先頭を歩くケヴィン首長は、薬が効いていないのか、両脇を仲間に支えられながら、何度も立ち止まっては荒い呼吸を繰り返している。その様子を見ながらジンは言った。

「まさか、この洞窟まで送ってきたわけじゃねえだろ」

ジンが、本来なら即座に逮捕、送還されるはずのカナコまで、ここに同行していることに、違和感を覚えているだろうことは、ピーターにもわかった。
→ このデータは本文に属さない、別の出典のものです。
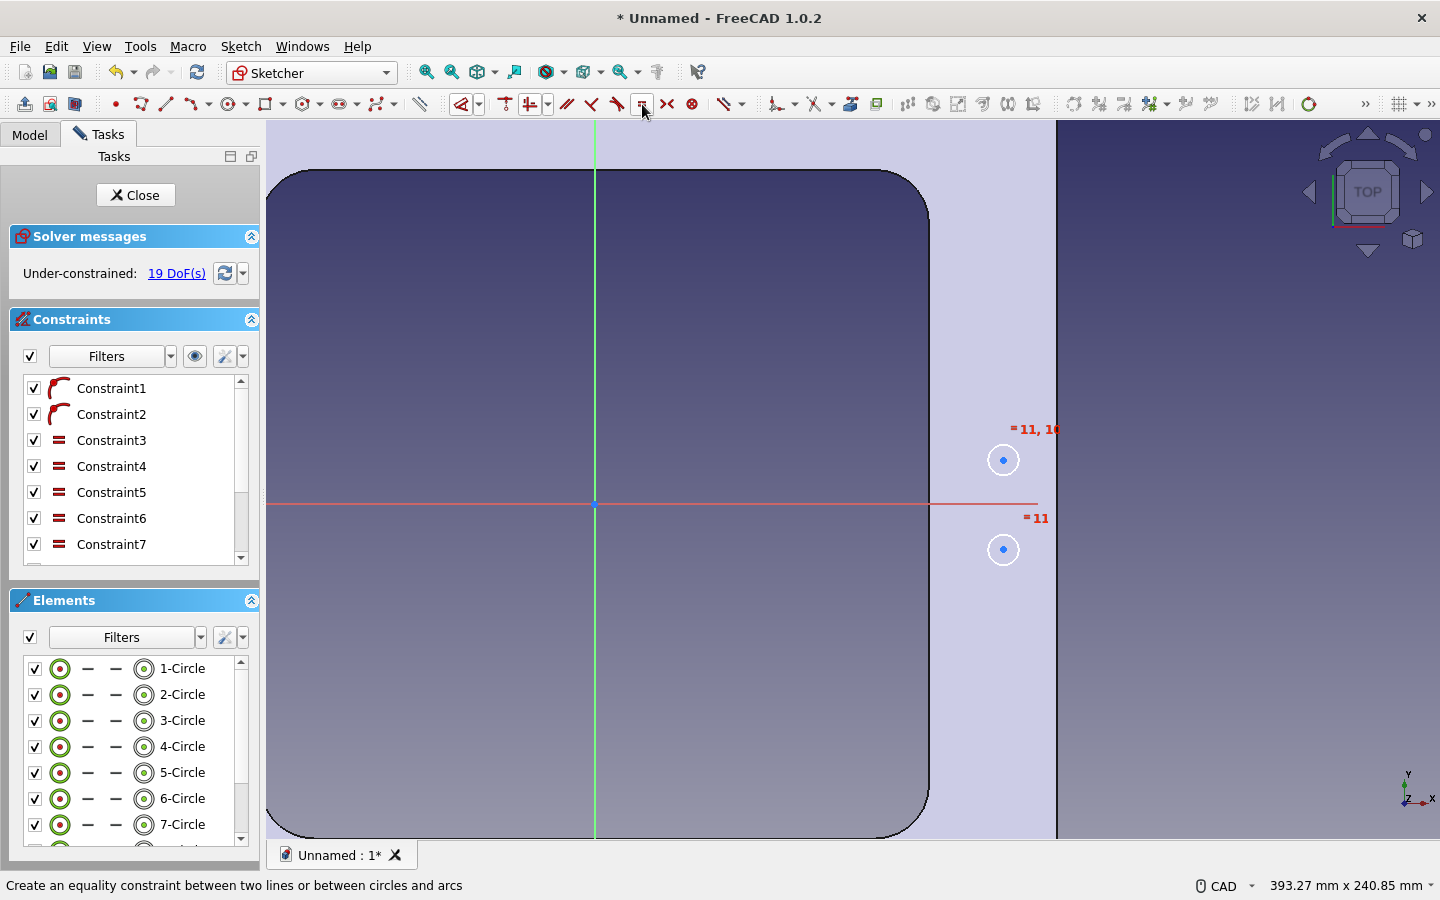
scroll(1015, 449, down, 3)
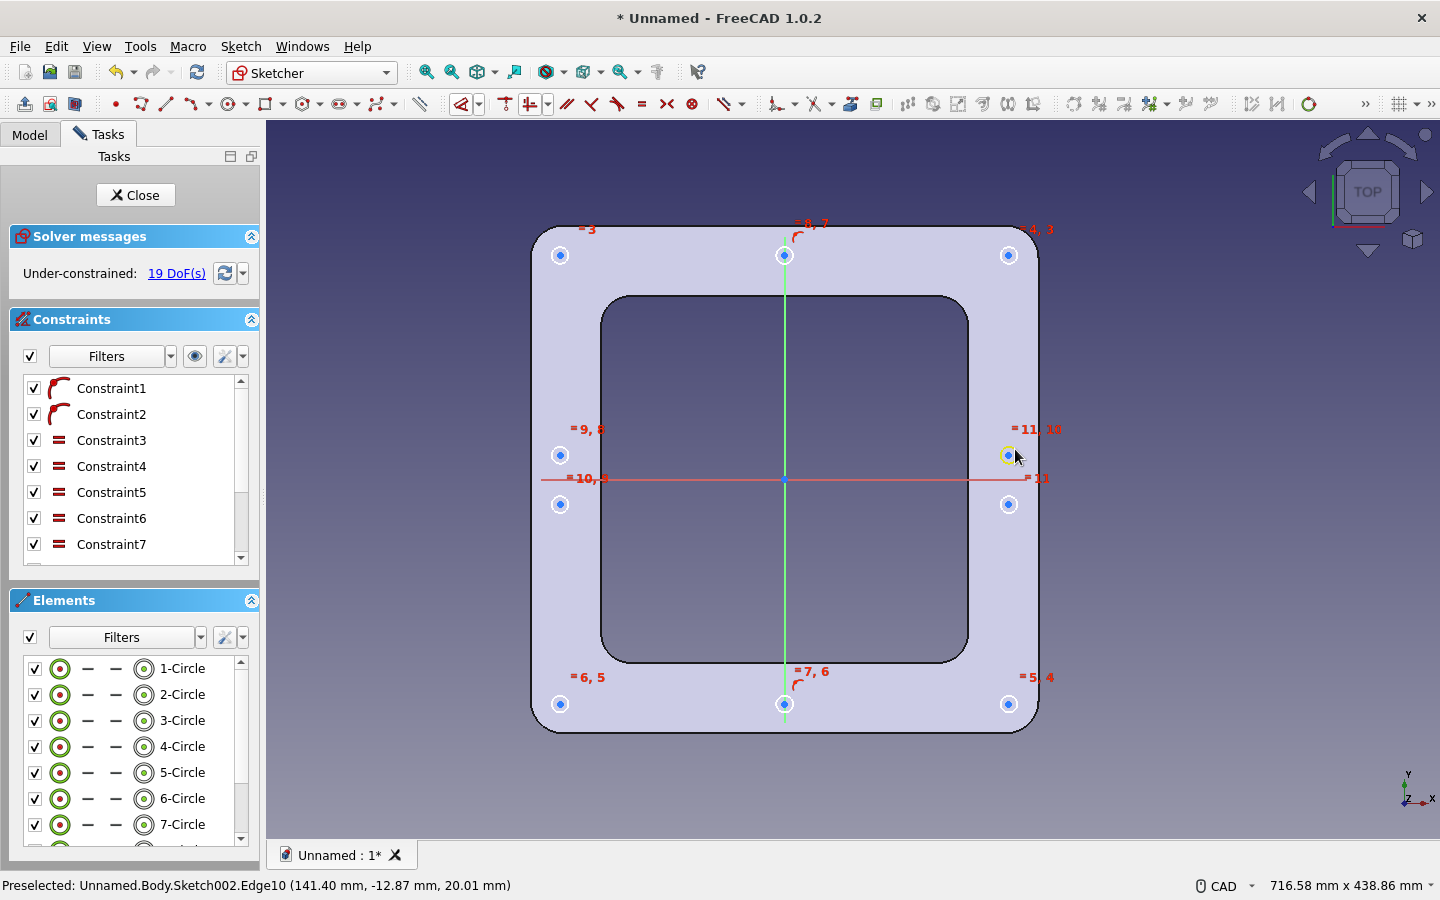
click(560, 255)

「そうなるかもしれん。じつは――俺たちにも、はっきり状況が分かっていない。いまのところ、最新の情報じゃ、このトリアングロ・デ・ムエルタは13日間つづく。さらにいえば、13日を過ぎたら、となりの星までひろがって、やがては世界を覆いつくすって話なんだが」

「なんだと?」

ジンの足が止まった。

「えええっ!?」

マヌエラが、またピーターにすがった。

「ど、どういうこと!? ねえピーター様、どういうこと!?」

「おっかない話だが、世界は滅びるってこと」

ピーターも、苦笑気味に言った。ジンが思わず尋ねた。

「この生態系が――ほかの星にも飛び火するってことか?」

「じっさい、L18とL03の辺境地区で、これと似たような異常がすでに現れている」

今度は、ピーターも笑っていなかった。

「L3系の自然科学者に対策させるか――L55が先か。そっちはロナウド家とマッケラン家が手配済みだろう。とにかく、話が急展開すぎてね。ケヴィン首長が、たすかる道がありそうだというから、ついてきた」

 

 やがて、二百人は楽に寝起きできそうな、ひろい円形の部屋にたどり着いた。天井も高く、室内はすり鉢状に、中央の上座を囲むように、段差をつけて座席が置かれていた。

 ここは、洞窟内の集会場かもしれなかった。

 「長!」

ケヴィン首長の顔を見たとたん、部屋にいたものは飛び跳ねるようにして、集まってきた。洞窟を去った首長がもどってきたので、彼らの顔にはそろってほっとしたような笑みが浮かび、首長の大ケガを見て青ざめるという顔色がならんだ。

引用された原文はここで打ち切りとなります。